Many misunderstand this moment. Hearing someone say “I experienced awakening,” the listener assumes a reinstalled ego, a self reclaiming authorship. Yet what actually occurs is translation. Experience moves through the narrow gate of language, and language has only a few handles to grab reality with. “I” becomes one of them.

Avoiding the word altogether often creates greater confusion. Saying “nothing happened” suggests absence rather than transcendence. It implies insignificance, when the opposite is true. Something fell away so completely that no object remained to point at. Language struggles most where realization is most total.

A distinction helps here.

Turiya refers to the formless witness; the ever-present awareness that observes waking, dreaming, and deep sleep without entering any of them. It is silent, empty, untouched. This is not an experience in time but the condition in which time appears. Many awakenings stabilize here, and rightly so.

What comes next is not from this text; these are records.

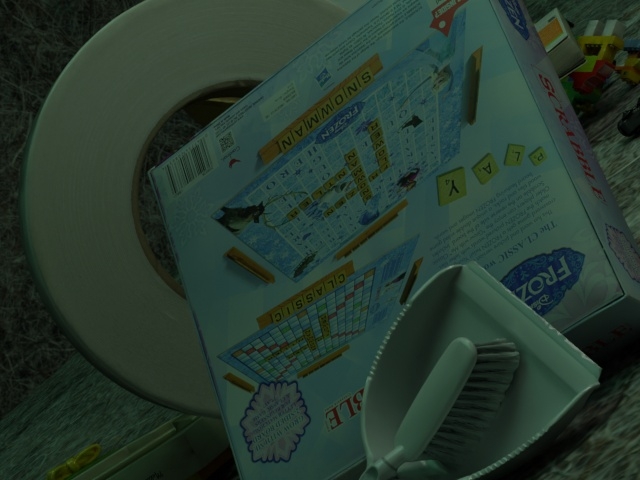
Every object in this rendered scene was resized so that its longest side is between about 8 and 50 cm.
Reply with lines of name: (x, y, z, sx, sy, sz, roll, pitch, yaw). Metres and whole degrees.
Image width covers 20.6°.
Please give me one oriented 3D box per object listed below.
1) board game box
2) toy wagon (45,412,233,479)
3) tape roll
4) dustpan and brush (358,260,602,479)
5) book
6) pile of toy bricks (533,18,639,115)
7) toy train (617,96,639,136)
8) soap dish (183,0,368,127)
board game box: (0.044, -0.002, 1.235, 0.319, 0.318, 0.066, -35, -35, 25)
toy wagon: (-0.201, 0.233, 1.709, 0.267, 0.068, 0.344, -31, 1, -18)
tape roll: (-0.069, -0.032, 1.546, 0.392, 0.392, 0.072, -41, 7, -14)
dustpan and brush: (0.060, 0.125, 1.091, 0.147, 0.060, 0.211, 43, 106, 44)
book: (0.220, -0.190, 1.830, 0.096, 0.035, 0.144, -36, 16, 14)
pile of toy bricks: (0.277, -0.175, 1.939, 0.212, 0.118, 0.105, 11, 77, 60)
toy train: (0.340, -0.152, 1.686, 0.158, 0.027, 0.036, -42, -3, -18)
soap dish: (0.019, -0.182, 1.877, 0.291, 0.118, 0.229, 10, 42, 42)
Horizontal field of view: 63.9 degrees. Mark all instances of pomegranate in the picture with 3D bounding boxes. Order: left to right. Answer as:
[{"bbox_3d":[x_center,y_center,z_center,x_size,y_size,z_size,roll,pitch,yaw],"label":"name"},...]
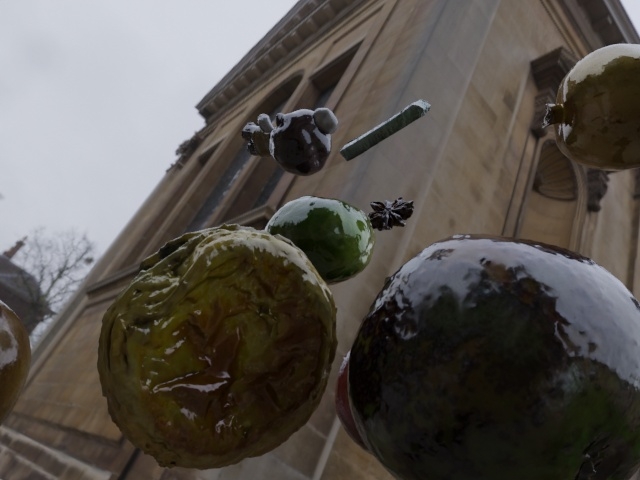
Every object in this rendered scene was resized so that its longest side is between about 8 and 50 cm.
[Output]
[{"bbox_3d":[0.148,0.109,0.522,0.285,0.285,0.340,44,0,-26],"label":"pomegranate"},{"bbox_3d":[0.694,-0.305,1.223,0.319,0.319,0.319,19,-32,12],"label":"pomegranate"}]

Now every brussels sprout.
[{"bbox_3d":[0.003,0.004,0.786,0.144,0.180,0.162,60,-31,28],"label":"brussels sprout"}]

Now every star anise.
[{"bbox_3d":[0.187,-0.071,1.625,0.233,0.177,0.073,-16,-62,-1],"label":"star anise"}]

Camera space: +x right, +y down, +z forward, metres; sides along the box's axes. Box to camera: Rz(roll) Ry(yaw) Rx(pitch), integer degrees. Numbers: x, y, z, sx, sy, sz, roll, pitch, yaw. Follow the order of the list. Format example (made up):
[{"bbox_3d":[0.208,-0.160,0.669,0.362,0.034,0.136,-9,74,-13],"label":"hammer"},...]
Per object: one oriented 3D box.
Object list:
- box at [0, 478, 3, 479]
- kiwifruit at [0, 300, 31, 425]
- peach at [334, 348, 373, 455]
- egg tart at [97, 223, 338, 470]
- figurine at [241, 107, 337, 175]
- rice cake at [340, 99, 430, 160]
[{"bbox_3d":[-0.497,0.398,0.768,0.125,0.027,0.126,15,-3,15],"label":"box"},{"bbox_3d":[-0.421,0.146,0.530,0.196,0.234,0.196,39,4,-3],"label":"kiwifruit"},{"bbox_3d":[0.107,0.241,0.813,0.197,0.197,0.197,19,-32,12],"label":"peach"},{"bbox_3d":[-0.096,0.100,0.508,0.241,0.241,0.106,43,-15,-25],"label":"egg tart"},{"bbox_3d":[-0.105,-0.334,1.725,0.365,0.206,0.218,29,-49,55],"label":"figurine"},{"bbox_3d":[0.125,-0.219,1.020,0.210,0.043,0.034,-26,-76,41],"label":"rice cake"}]
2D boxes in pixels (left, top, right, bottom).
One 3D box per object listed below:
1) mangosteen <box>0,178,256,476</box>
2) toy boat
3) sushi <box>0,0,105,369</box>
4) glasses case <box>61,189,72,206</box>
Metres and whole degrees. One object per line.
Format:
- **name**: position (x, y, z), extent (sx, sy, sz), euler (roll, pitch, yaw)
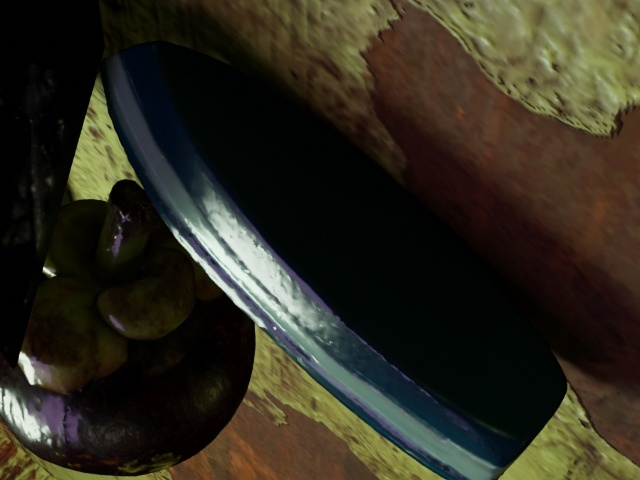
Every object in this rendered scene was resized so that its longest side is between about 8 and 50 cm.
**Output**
- **mangosteen**: position (-0.137, 0.049, 1.024), extent (0.192, 0.192, 0.217), euler (30, 139, 31)
- **toy boat**: position (0.000, 0.000, 0.772), extent (0.299, 0.096, 0.062), euler (43, 151, 3)
- **sushi**: position (-0.249, -0.073, 0.854), extent (0.212, 0.216, 0.227), euler (12, -170, -18)
- **glasses case**: position (-0.247, -0.065, 1.189), extent (0.077, 0.039, 0.184), euler (34, 160, 22)
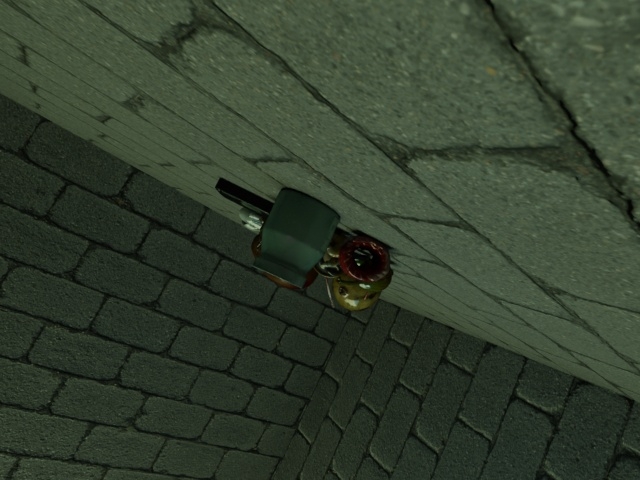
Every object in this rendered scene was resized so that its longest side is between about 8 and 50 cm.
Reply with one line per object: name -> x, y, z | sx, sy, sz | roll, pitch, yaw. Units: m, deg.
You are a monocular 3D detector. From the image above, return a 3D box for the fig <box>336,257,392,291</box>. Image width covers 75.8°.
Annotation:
fig -> 0.201, 0.173, 1.821 | 0.259, 0.152, 0.151 | -20, -157, -34

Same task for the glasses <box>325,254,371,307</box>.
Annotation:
glasses -> 0.141, 0.199, 1.966 | 0.233, 0.269, 0.118 | -12, -163, -11

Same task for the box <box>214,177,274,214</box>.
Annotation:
box -> -0.313, -0.172, 1.921 | 0.349, 0.058, 0.211 | 26, 172, 1

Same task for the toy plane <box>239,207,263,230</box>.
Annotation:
toy plane -> -0.325, -0.095, 2.253 | 0.266, 0.123, 0.267 | 28, 172, 5

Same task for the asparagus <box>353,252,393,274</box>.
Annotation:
asparagus -> 0.235, 0.123, 2.080 | 0.277, 0.060, 0.067 | 26, -177, 5

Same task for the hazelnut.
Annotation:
hazelnut -> -0.170, 0.075, 2.110 | 0.365, 0.366, 0.366 | 26, 173, 4

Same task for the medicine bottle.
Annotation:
medicine bottle -> -0.095, 0.000, 1.453 | 0.244, 0.290, 0.245 | 25, 173, 4

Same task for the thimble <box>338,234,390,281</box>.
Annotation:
thimble -> 0.165, 0.073, 1.565 | 0.189, 0.163, 0.125 | 27, 174, -7

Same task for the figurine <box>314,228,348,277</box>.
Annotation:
figurine -> 0.059, 0.055, 1.762 | 0.167, 0.193, 0.257 | 9, 165, -12

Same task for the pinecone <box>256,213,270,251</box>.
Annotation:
pinecone -> -0.137, -0.014, 1.695 | 0.263, 0.264, 0.264 | 26, 173, 4

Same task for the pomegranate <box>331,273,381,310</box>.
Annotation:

Turiyatitta goes further. Even the stance of witnessing dissolves. No observer remains to stand apart from what is observed. Awareness recognizes itself as the only reality there is. No inside, no outside, no vantage point left. This is nonduality without remainder.

When speech arises from this recognition, “I” no longer refers to a psychological centre. It does not point to a thinker, a chooser, or a personal narrative. It points to the Self; Para Brahman—without division. Atman, ego, witness, world collapse into a single field, not blended, not unified, but revealed as never having been separate.

The same word is used. The referent has changed.

Confusion arises when listeners assume the old meaning still applies. The word “I” sounds familiar, so it is treated as familiar. Yet meaning does not live in the word. Meaning lives in the depth from which the word emerges.

A realized individual does not abandon language. Language is abandoned as identity. What remains is utility. Communication happens. Teaching happens. Relationship happens. None of it reinstates separation.

The paradox resolves itself quietly: the ego can say “I,” and the Absolute can say “I.” Only one of them believes it is something.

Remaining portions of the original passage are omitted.